Kata nelayan “kami sulit melaut. Karena cuaca tak menentu, ikan semakin sedikit, ditambah kenaikan BBM!”,
kata pedagang, “harga bahan baku naik. Terpaksa kami juga harus menaikan harga. Tapi kalo dinaikan, dagangan kami jadi tidak begitu laku, karena mahal”
kata supir angkutan umum, “ya jelas berat. Penghasilan kitakan gak seberapa. Belum bayar sewa, dan bayar kebutuhan sehari – hari, eh sekarang ditambah harga bensin naik”
kata ibu – ibu, “ia nih, pemerintah gimana sih. Walaupun ada BLT paling habis buat 1 minggu. Kalo BBM naik saya gak bisa masak!”
kata si anak, “aku gak ngerti apa – apa?”
Memang, kenaikan BBM menjadi suatu dilema bagi pemerintah akibat kenaikan harga minyak dunia menjadi US$ 106,67 per barrelnya. Namun, melihat perencanaan APBN yang seharusnya dapat lebih menstabilkan kondisi perekonomian Indonesia dengan berbagai alternative pemasukan atau efisiensi pengeluaran guna mensejahterakan masyarakat. Kita tahu, salah satu sumber pemasukan yang berkontribusi besar adalah pajak. Saya hendak coba melogikakan, jika APBN mampu memaksimalkan pendapatan yang diterimanya dari berbagai sektor yang ada (baik pajak, BUMN dll), maka semakin banyak pemasukan, semakin banyak pula uang yang dapat dikeluarkan (teori dasar ekonomi). Tapi, kita bertanya, apakah pemasukan pajak sebagai sumber pemasukan utama sudah maksimal? Jawabnya, belum. Kenapa? Mari kita tanyakan kepada mereka yang (seharusnya) membayar pajak. Apa jawabnya? Banyak yang menyatakan, bahwa mereka belum menjalankan kewajiban membayar pajak secara baik. Apakah ini sumber utamanya? Bukan hanya ini. Apa lagi? Mari kita tanyakan pada bagian pengelolaan. Apa jawabnya? Ternyata masih banyaknya penyelewengan dana yang dilakukan petugas pajak, alias korupsi.

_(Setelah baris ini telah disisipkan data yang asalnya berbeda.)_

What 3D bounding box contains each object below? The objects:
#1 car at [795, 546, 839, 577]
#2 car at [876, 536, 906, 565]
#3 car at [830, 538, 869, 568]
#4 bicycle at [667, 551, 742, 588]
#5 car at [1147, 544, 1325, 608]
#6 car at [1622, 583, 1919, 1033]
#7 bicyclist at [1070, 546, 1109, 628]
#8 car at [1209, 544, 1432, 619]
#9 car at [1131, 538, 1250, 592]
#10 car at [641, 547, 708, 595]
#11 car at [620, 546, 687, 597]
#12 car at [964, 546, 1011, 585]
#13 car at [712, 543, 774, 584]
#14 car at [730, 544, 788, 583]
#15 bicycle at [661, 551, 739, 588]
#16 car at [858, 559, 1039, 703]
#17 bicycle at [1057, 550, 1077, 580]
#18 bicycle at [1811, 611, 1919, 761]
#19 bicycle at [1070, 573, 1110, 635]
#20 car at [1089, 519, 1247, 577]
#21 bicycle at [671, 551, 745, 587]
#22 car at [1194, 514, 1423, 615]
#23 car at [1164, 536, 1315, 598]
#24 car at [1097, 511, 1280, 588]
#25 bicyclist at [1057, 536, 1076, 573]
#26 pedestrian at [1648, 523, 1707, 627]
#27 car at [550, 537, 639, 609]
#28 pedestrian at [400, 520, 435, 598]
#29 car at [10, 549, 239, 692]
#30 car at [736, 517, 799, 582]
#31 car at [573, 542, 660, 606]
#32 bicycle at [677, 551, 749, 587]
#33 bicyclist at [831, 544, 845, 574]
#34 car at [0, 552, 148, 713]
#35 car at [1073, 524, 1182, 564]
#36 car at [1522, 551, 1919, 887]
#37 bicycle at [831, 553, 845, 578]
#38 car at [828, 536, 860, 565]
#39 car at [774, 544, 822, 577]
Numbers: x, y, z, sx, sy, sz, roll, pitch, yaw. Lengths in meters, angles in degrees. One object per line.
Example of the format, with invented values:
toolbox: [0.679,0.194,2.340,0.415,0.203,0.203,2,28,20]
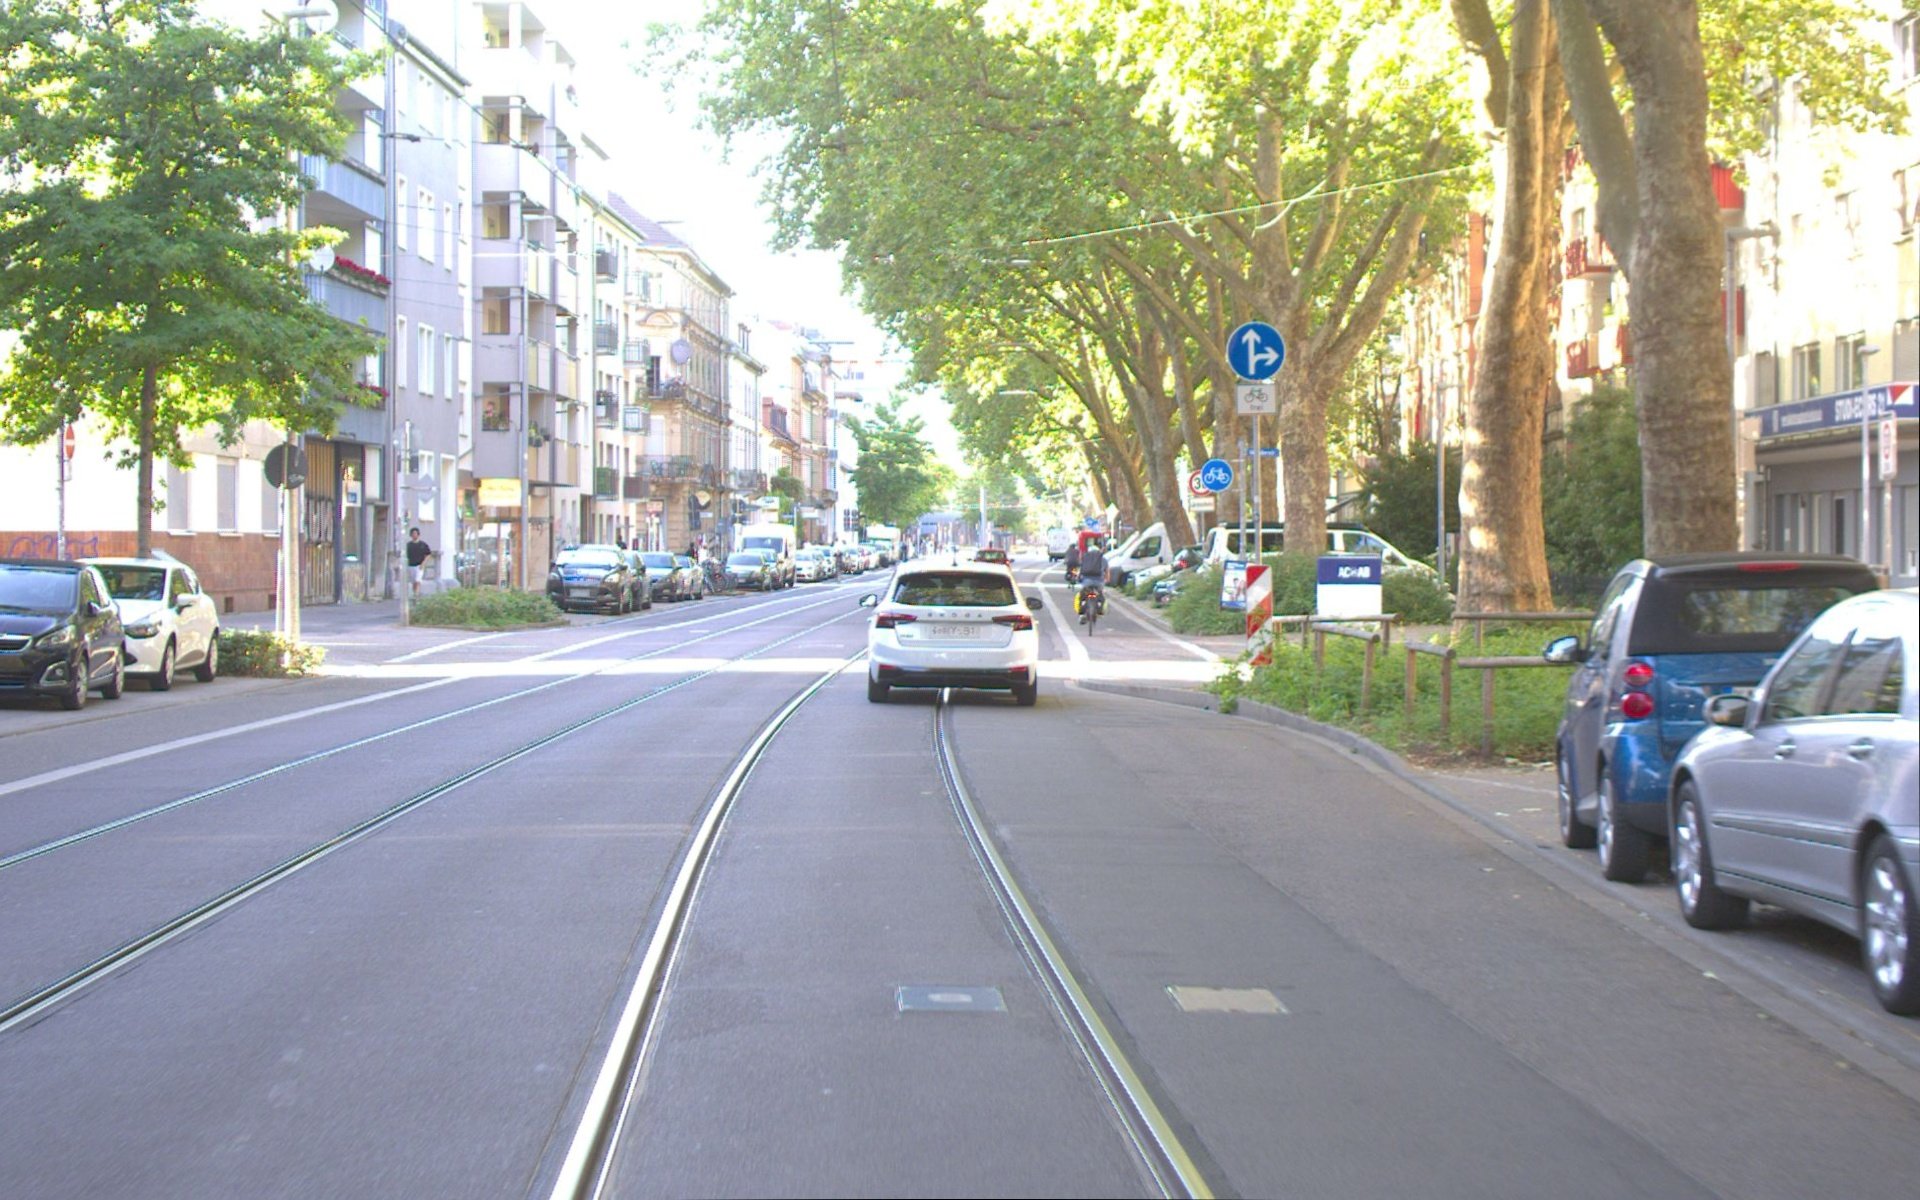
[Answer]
car: [-7.246,-1.972,175.006,1.993,1.525,4.000,0,1,1]
car: [-4.909,-3.518,244.577,1.993,2.007,4.000,0,1,1]
car: [-6.310,-2.684,197.021,1.993,1.634,4.000,1,0,1]
bicycle: [-8.767,-1.041,117.868,2.524,1.168,0.719,2,-1,-5]
car: [6.639,-0.591,82.969,4.142,1.509,1.931,0,1,0]
car: [3.898,0.651,12.688,1.816,1.431,4.603,-1,0,-2]
bicyclist: [2.290,-0.236,60.735,0.678,1.438,1.047,0,1,2]
car: [7.216,-0.379,69.161,4.297,1.474,1.831,0,1,0]
car: [7.131,-1.086,106.488,3.634,1.661,1.822,0,1,4]
car: [-8.691,-0.896,104.865,1.485,1.398,3.990,0,1,3]
car: [-8.882,-0.850,99.942,1.653,1.432,3.837,0,1,-1]
car: [1.098,-1.370,134.352,1.761,1.470,4.000,0,1,1]
car: [-8.117,-1.394,129.001,1.993,1.525,4.000,0,1,1]
car: [-7.862,-1.444,134.777,1.993,1.525,4.000,0,1,1]
bicycle: [-8.845,-1.031,116.987,2.525,1.168,0.883,2,-1,-38]
car: [-0.125,0.282,35.703,1.761,1.379,4.000,0,1,0]
bicycle: [3.879,-1.271,124.732,0.649,1.067,1.583,0,1,-1]
bicycle: [6.914,0.570,23.615,1.966,1.002,0.510,-2,0,27]
bicycle: [2.295,0.064,60.711,0.681,1.067,1.781,0,1,2]
car: [8.286,-2.083,137.331,6.130,2.274,2.529,0,1,0]
bicycle: [-8.776,-1.074,119.743,2.524,1.168,0.719,2,-1,-4]
car: [7.246,-0.742,71.734,4.543,2.069,2.001,0,1,-1]
car: [7.610,-0.919,93.860,3.987,1.674,1.723,0,1,0]
car: [7.847,-1.733,118.719,6.130,2.626,2.529,0,1,0]
bicyclist: [3.872,-1.647,124.740,0.649,1.339,0.934,0,1,-1]
pedestrian: [12.936,-0.460,61.968,0.766,1.860,1.189,0,1,-3]
car: [-8.897,-0.676,84.003,1.702,1.645,4.242,3,1,-1]
pedestrian: [-12.795,-0.976,81.069,0.664,1.820,0.965,0,1,0]
car: [-9.564,0.195,39.659,1.713,1.459,4.377,3,1,-3]
car: [-7.860,-2.070,140.715,2.178,2.588,4.949,0,1,1]
car: [-8.895,-0.690,89.189,1.702,1.539,4.242,3,1,1]
bicycle: [-8.741,-1.097,121.646,2.524,1.168,0.719,2,-1,-5]
bicyclist: [-5.331,-1.795,150.657,0.597,1.282,0.917,0,1,-2]
car: [-9.443,0.285,34.997,1.713,1.459,4.001,3,1,-6]
car: [9.602,-3.209,197.534,6.130,2.274,2.529,0,1,0]
car: [3.775,0.541,17.204,1.564,1.514,2.910,-1,0,3]
bicycle: [-5.332,-1.510,150.596,0.605,1.067,1.583,0,1,-1]
car: [-8.156,-3.500,242.185,1.993,2.007,4.000,0,1,1]
car: [-7.590,-1.860,161.048,1.993,1.525,4.000,0,1,1]

Disini kita dapati, bahwa baik oknum pemerintah dan oknum masyarakat bekerja sama secara tidak jujur dan tidak langsung untuk mencari keuntungan pribadi. Ini bukti bahwa moral bangsa masih sebatas rupiah, dan dapat diperjualbelikan demi keuntungan duniawi. Tidakkah rakyat “capek” dengan ulah jelek oknum pemerintah yang nakal? Dan tidakkah pemerintah “pusing” dengan oknum masyarakyat yang keras kepala dan egois?
Sudah waktunya kita jujur dalam menghadapi setiap masalah. Terutama masalah bersama. Meski besar harapan agar tidak terjadi hal yang dapat menyengsarakan rakyat, seperti kenaikan BBM kali ini yang memang belum dapat diterima dan dirasa kurang tepat. Bahkan pernyataan “demi menyelamatkan APBN” dirasa sangat tidak manusiawi. Disamping itu, bangsa perlu tahu diri akan kelemahan mereka sebagai usaha untuk melemahkan bangsa ini juga. Negara berkembang tidak akan maju sampai bangsa tersebut memiliki kesiapan juga mental untuk maju.
Mohon maaf dan terima kasih.
Mohon maaf dan terima kasih.
Tulisan ini sebatas refleksi kecil serta opini penulis pribadi menyinggung masalah kenaikan BBM. Masih banyak yang hendak diutarakan, mungkin dilain kesemptana. Semoga pembaca sebagai sesame manusia Indonesia yang juga merasakan polemic ini dapat saling membantu.